MAJLIS JAUSYEN KABIR ADDIS ABABA
Pertemuan :
VI
Tempat :
Wisma Duta KBRI Addis Ababa
Tanggal :
30 Januari 2014
Pembahasan : Isti’adza Dalam Penerimaan Ayat Allah
Ba’da el Tahmid we El Taslim :
Bahwasanya Isti’adza mensucikan jiwa manusia
dan mengambalikan kepada fitrah keimanan sampai kepada menghilangkan rasa
was-was yang diembuskan oleh syaitan.
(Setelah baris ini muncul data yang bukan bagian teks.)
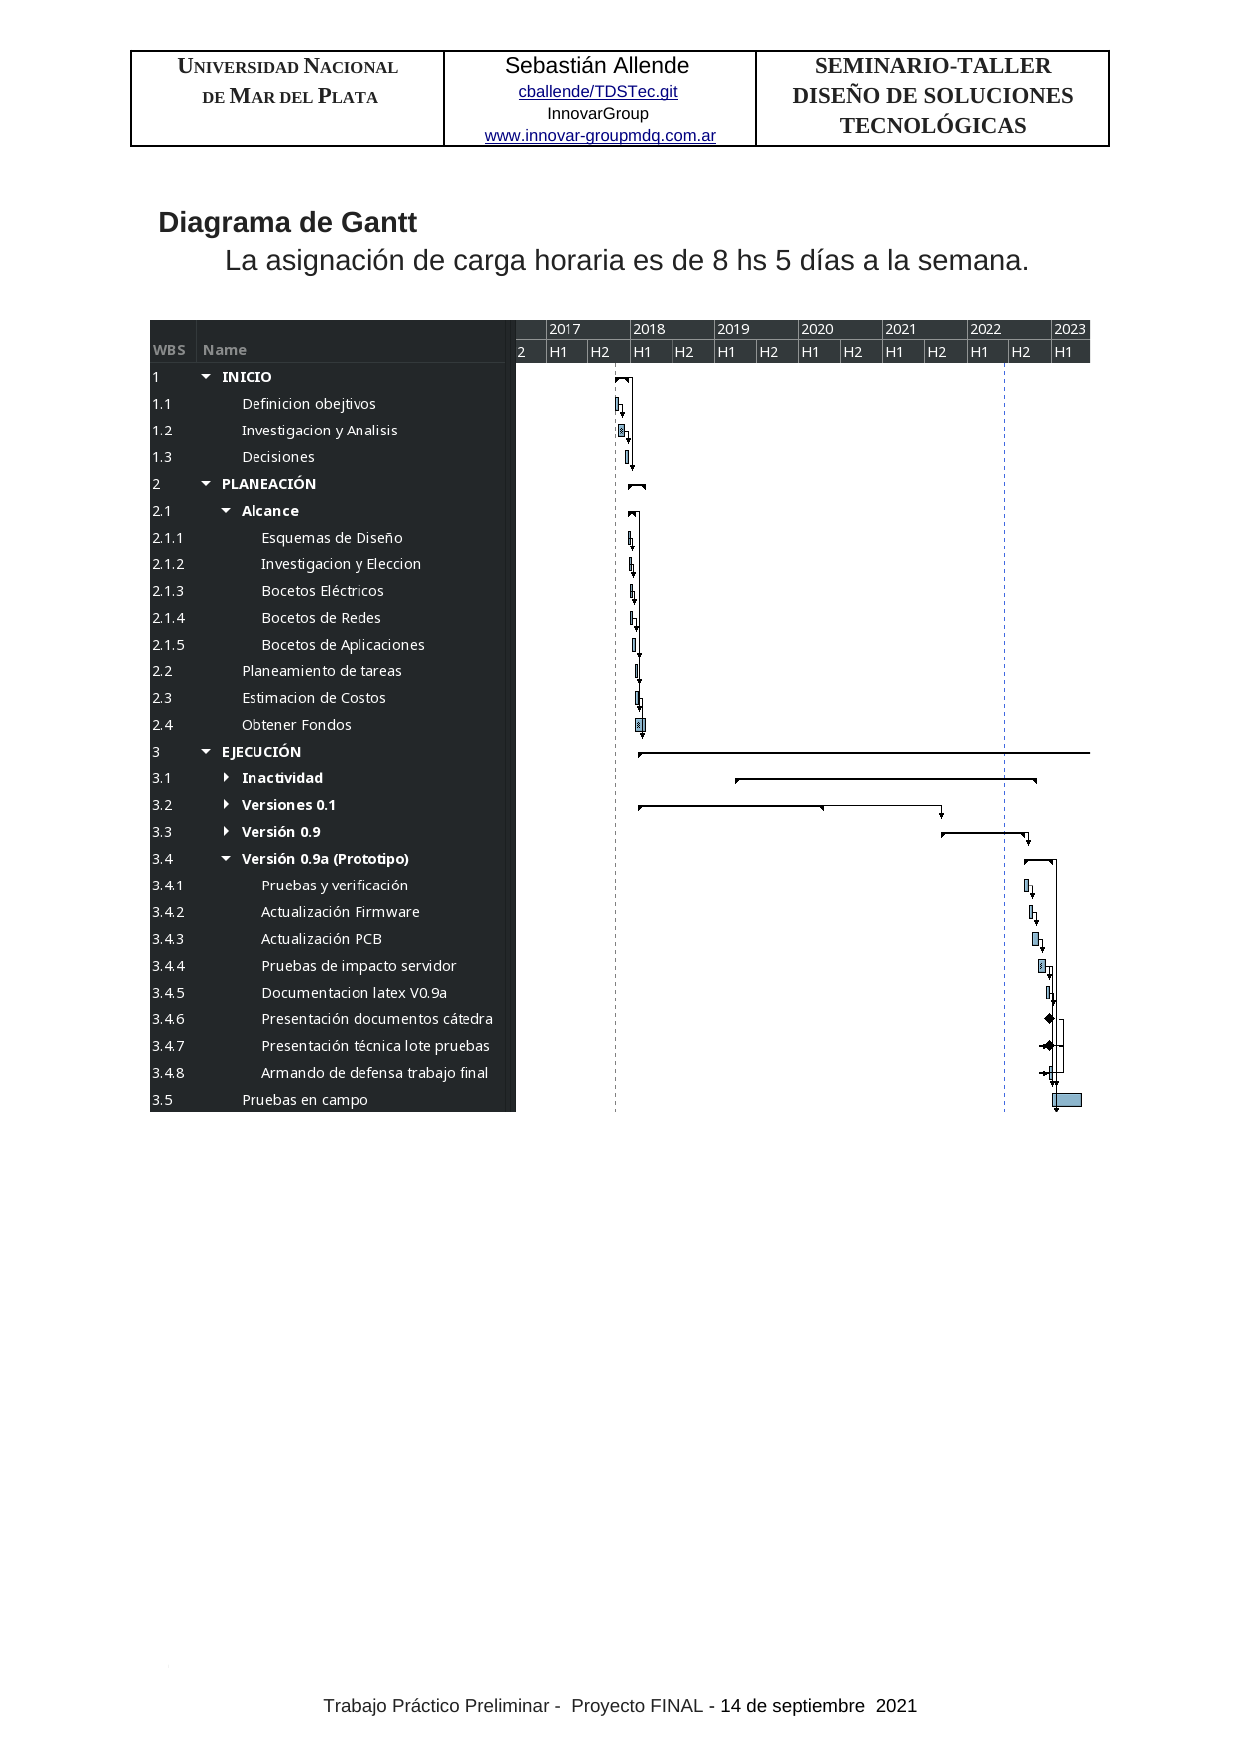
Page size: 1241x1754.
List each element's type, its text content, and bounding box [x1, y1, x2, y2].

picture [150, 320, 1091, 1112]
text Diagrama de Gantt [150, 205, 1090, 238]
text La asignación de carga horaria es de 8 hs 5 días a la semana. [150, 243, 1090, 277]

Dan idealnya ketika kita mendengarkan
seorang membaca Al-Qur’an dari seorang Qari hendaknya kita meyakini bahwa kita sedang mendengarkan Allah berfirman kepada kita,
Allah sedang memberikan arahan kepada kita, Allah sedang menjelaskan kepada
kita semua; ini yang boleh dan itu yang tidak boleh kita lakukan. Kedudukan
Qari atau pembaca Al-Qur’an seakan-akan kita abaikan dengan memfokuskan
konsentarasi kita terhadap apa yang terlatun pada saat itu.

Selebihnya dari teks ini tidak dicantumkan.